--- Source records ---

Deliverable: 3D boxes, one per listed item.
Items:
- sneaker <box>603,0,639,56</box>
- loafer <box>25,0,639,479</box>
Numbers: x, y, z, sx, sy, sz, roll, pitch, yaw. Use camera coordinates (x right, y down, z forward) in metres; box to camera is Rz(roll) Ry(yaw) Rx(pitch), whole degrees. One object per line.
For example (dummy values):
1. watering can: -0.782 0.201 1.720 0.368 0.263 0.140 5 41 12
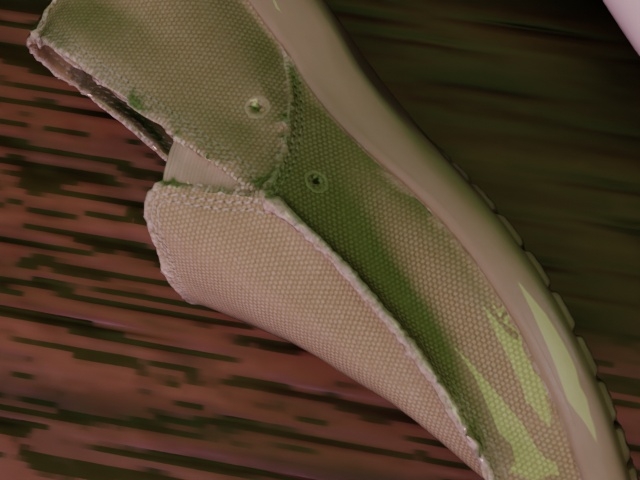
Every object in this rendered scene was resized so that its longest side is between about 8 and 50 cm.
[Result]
1. sneaker: 0.042 -0.148 0.564 0.123 0.106 0.290 -33 72 14
2. loafer: 0.000 0.000 0.533 0.092 0.102 0.268 -36 68 0

---

- Your objective: Write out the entries again, word for word. No images.

- Solution to this exercise:
Deliverable: 3D boxes, one per listed item.
Items:
- sneaker <box>603,0,639,56</box>
- loafer <box>25,0,639,479</box>
Numbers: x, y, z, sx, sy, sz, roll, pitch, yaw. Use camera coordinates (x right, y down, z forward) in metres; box to camera is Rz(roll) Ry(yaw) Rx(pitch), whole degrees. One object per line.
For example (dummy values):
1. watering can: -0.782 0.201 1.720 0.368 0.263 0.140 5 41 12
Every object in this rendered scene was resized so that its longest side is between about 8 and 50 cm.
[Result]
1. sneaker: 0.042 -0.148 0.564 0.123 0.106 0.290 -33 72 14
2. loafer: 0.000 0.000 0.533 0.092 0.102 0.268 -36 68 0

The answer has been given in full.